This history article is about Lea-Francis, another bicycle maker who moved into motorised transportation – namely cars and motorcycles.
The company was founded in 1895 as a bicycle manufacturer and as the new car industry was being kick started, the owners, Richard Lea and Graham Francis decided to cash in. During 1903, they developed a car with a four litre, 3 cylinder horizontally opposed motor pumping out 15hp. It was designed by Alexander Craig, a locomotive engineer and they contracted Singer to build it and they created only three cars. Lea-Francis only sold two of them and then went back to bicycle manufacturing.
After the First World War, they had enough cash to have another go at car building. This time with a more conventional design using a two litre motor known as the 13.9. Only 23 were made before production stopped. In 1922 they had another go, Britain was in between war and the Great Depression and life was exciting, several manufacturers were building small sports cars and the business partners thought that this was their nirvana. They built very lightweight cars with supercharged 1.5 litre engines. They were also fast for their day – 90mph top speed.
Around this time the company started to share technology with another manufacturer called Vulcan and even rebadged some of their cars using 6 cylinder motors. In 1924, Francis left the company whilst Lea continued with the company making cars called the Hyper and the Ace of Spades. They continued to experiment with new engines – one being a very complex 1.7 litre six cylinder motor. The problem that the company had was that the cars were very expensive for what they were.
They became known as something of a poor man’s Bentley – poor being unable to buy a Bentley, not poor as in no money! With an expensive hand built product and the onset of the Great Depression, the company teetered on the edge of bankruptcy and in 1931, Lea resigned and the receivers stepped in. They kept production running at a lower rate – building about ten cars a year on average! They finally pulled the plug in 1936.
The remains of the company and the rights to the name were bought by two ex Riley employees who started production again the following year (1937). Riley was being gobbled up by Nuffield and their Chief Engine Designer left to kick start Lea-Francis. He managed to build 80 odd cars before the war intervened and like other manufacturers he switched to making equipment for the war effort.
After the war, with new production skills and lots of cash from supplying the military, they started up car manufacturing yet again. In 1946, the model 14 was released: a four door car fitted with either a 1.5 or 1.8 litre engine. The 14 was developed further into a two door sports car, an estate and then later the 14/70. Along side the 14, they developed another model simply called the 2.5 litre.
The company lasted until 1954 when production stopped. The owners and enthusiasts then got together and encouraged the company’s board to start production again – and that was planned for 1960 with a new model based on Ford Zephyr components – it was too expensive for the market and didn’t get into full production. This model was called the Lynx and did get to be shown at the British Motor Show. Several more attempts were made to revive the brand but none of them got anywhere. Sadly the announcements were made before production commitments were made!

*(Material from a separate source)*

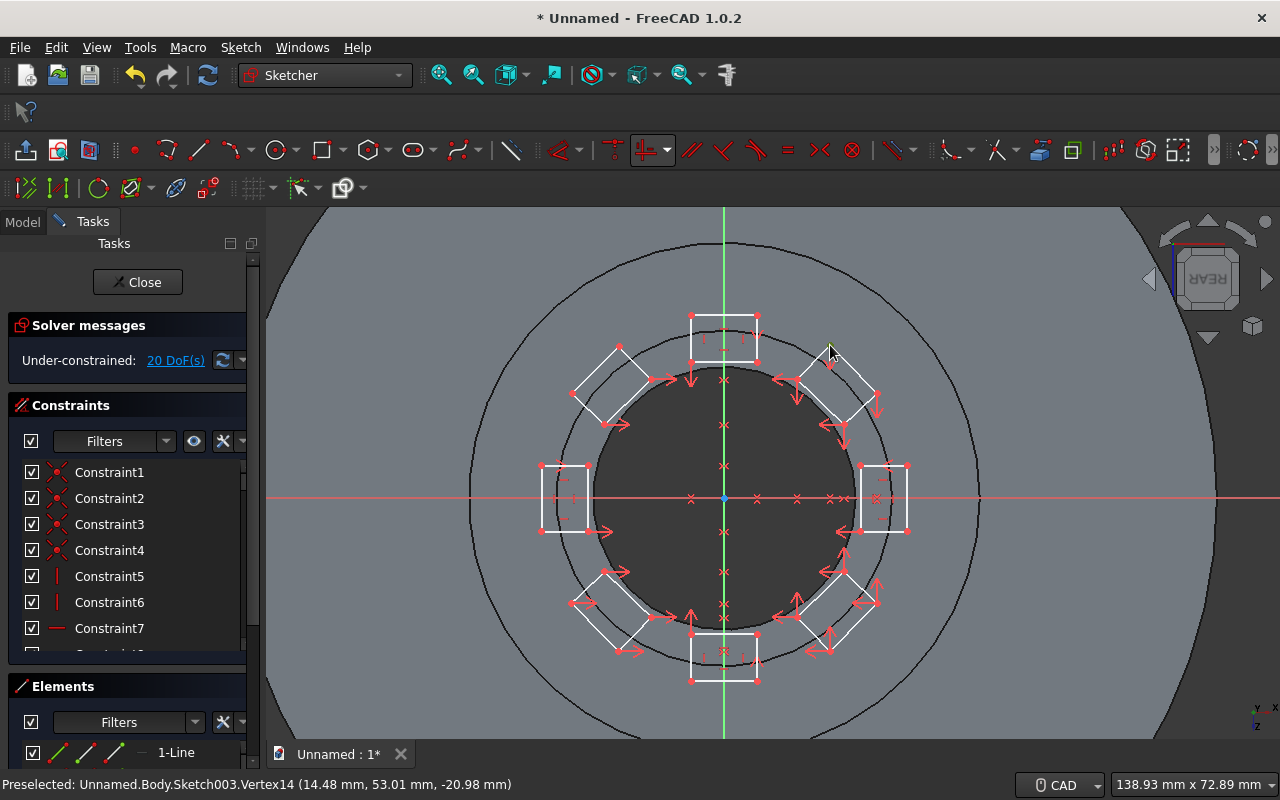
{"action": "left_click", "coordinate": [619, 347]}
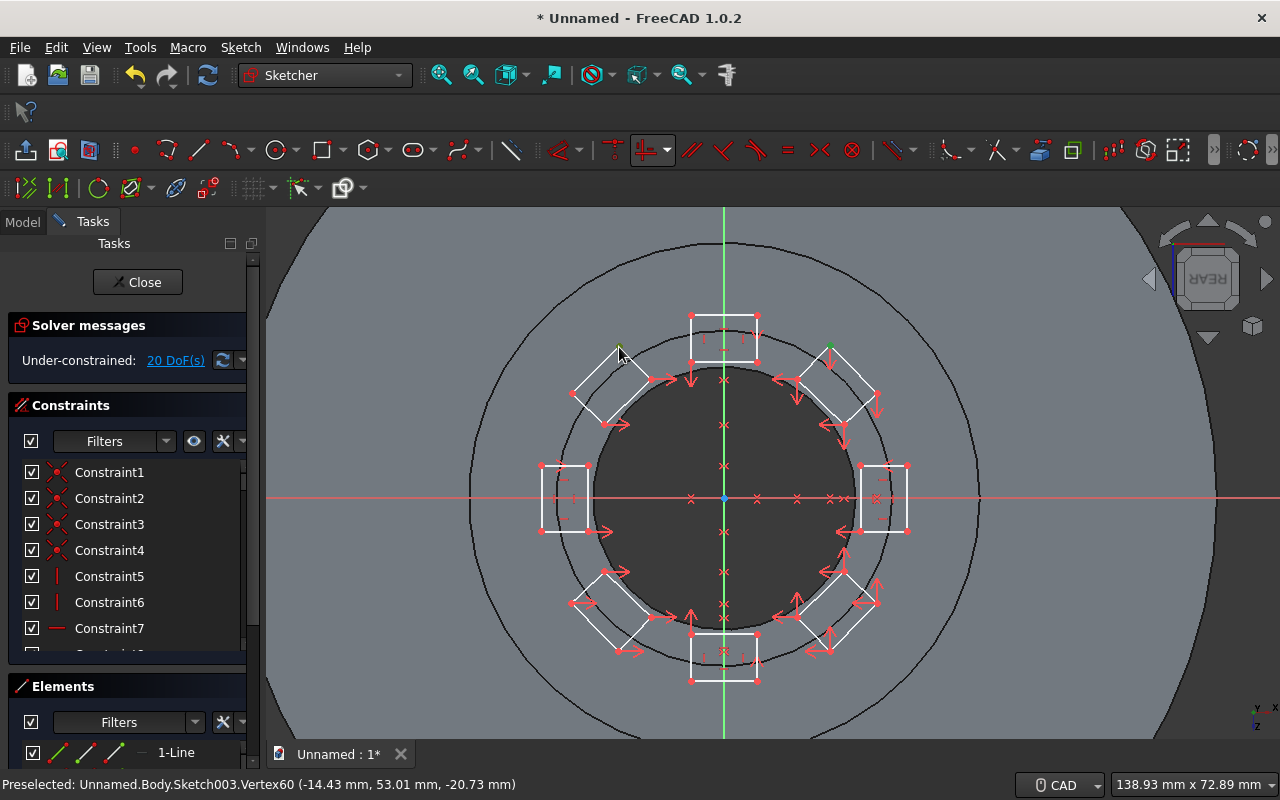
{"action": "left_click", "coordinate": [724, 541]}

And so it continued, recently the plan to kick start production of a new model was announced. This was to be a retro model in the same mode as other manufacturers who were building similar cars harking back to the 1950s. For Lea-Francis, this was to be the 30/230 that looked very similar to a BMW Z3 with classic styling and was rumoured to be powered by an Opel motor. This car, like all the other attempts, never made it into production.
I did here of another more recent attempt and will update this article when I find the information!